Being on the water provides an excellent opportunity to teach kids about their environment, and boating, fishing and safety skills. Try to incorporate these teachings into fun activities and gradually introduce your kids to new things as they are ready. For example, you might want to create a game that teaches nautical terminology such as port, starboard, stern, and bow. Once your kids master this terminology, help them learn how to safely drive the boat or cast a fishing line. Boating and fishing provide unlimited learning and memories that lasts a lifetime! And Goodtimes is glad to be apart of making those memories for you and your family.

How to avoid getting SEASICK

Seasickness is caused when the minute inner ear organs that enable a human to balance are disturbed by the motion of the boat swaying and pitching. This movement sets off alarm signals to the brain causing nausea, headache, dizziness, and sometimes vomiting.  This can be a person’s worst nightmare at sea.

Seasickness affects many people to varying degrees – even sailors with years of experience. Looking on the bright side, the body adapts after time.

Fortunately, several remedies can be taken before setting sail. Pills can be obtained over the counter which help most people by sedating the balancing organs. The pills can cause drowsiness and should be taken with care. Some people find special wrist bands effective.

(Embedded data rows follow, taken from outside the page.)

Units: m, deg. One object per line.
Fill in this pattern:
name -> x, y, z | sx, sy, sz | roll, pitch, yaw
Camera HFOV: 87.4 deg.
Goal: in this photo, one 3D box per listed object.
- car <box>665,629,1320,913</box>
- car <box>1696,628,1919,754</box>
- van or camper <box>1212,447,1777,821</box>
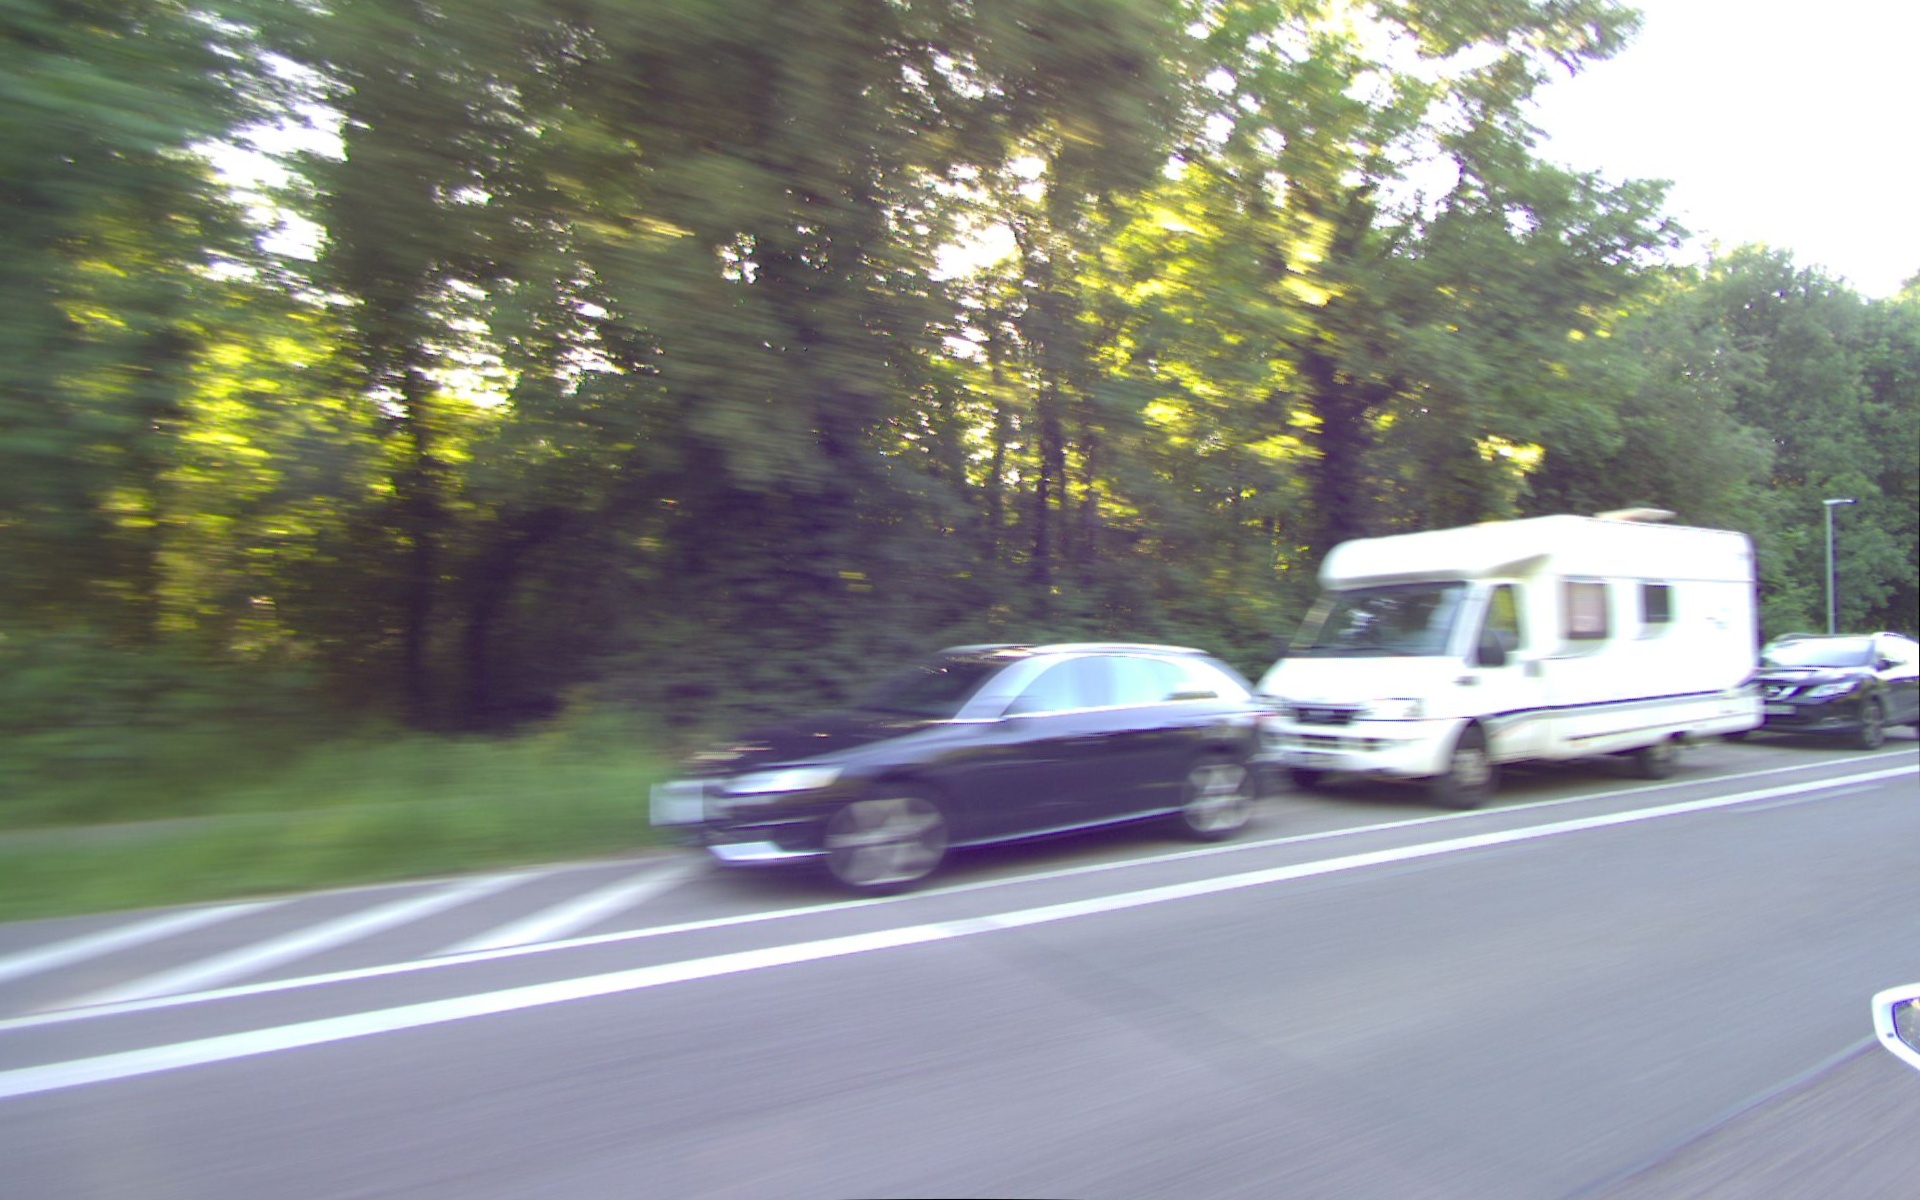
car -> 0.411, 0.982, 7.370 | 4.632, 1.495, 1.816 | 2, -2, -34
car -> 12.990, 1.276, 15.021 | 4.223, 1.653, 1.638 | 1, -3, -30
van or camper -> 6.096, 0.399, 10.989 | 7.034, 3.008, 2.302 | 2, -3, -33
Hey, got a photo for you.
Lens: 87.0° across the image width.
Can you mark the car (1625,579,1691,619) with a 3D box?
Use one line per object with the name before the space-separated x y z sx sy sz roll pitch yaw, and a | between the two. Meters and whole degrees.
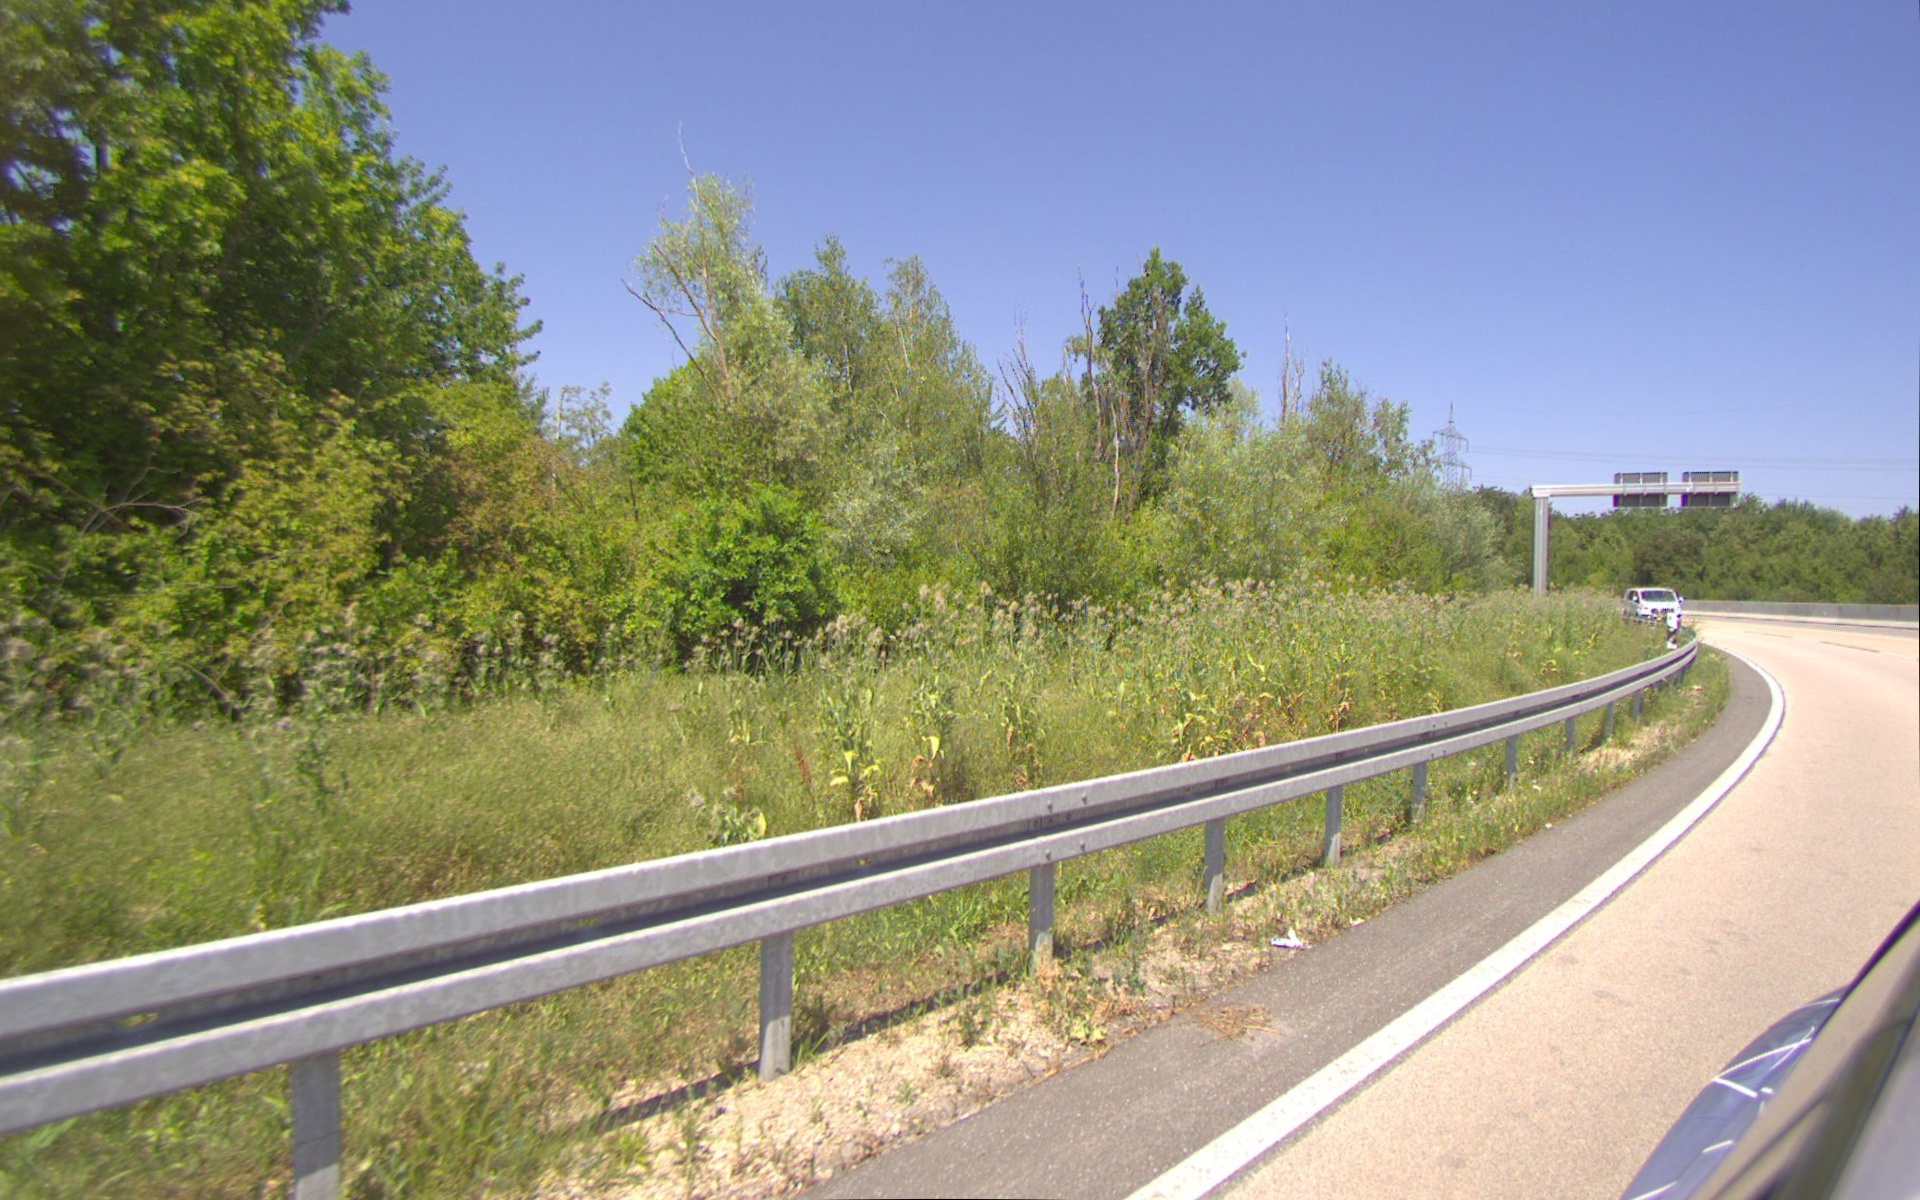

There are also stick-on patches that can be worn on the skin behind the ear, but these are obtained by doctor’s prescription only.

You can often avoid seasickness by staying busy and keeping your mind occupied by taking over the helm or any other activity that will keep you above decks. Look at the distant horizon rather than the water close at hand. Take deep breaths and drink plenty of water. The worst thing that a person can do is go below decks with no land or horizon to look at. Reading or staring at an object will assuredly bring on the affects of seasickness.

If you are seasick and can’t bear it anymore, lie down on your back with your eyes closed. This will greatly reduce the affects.

Bottom line – if your eyes see what your ears are feeling, you will certainly have a better chance of a great day sailing.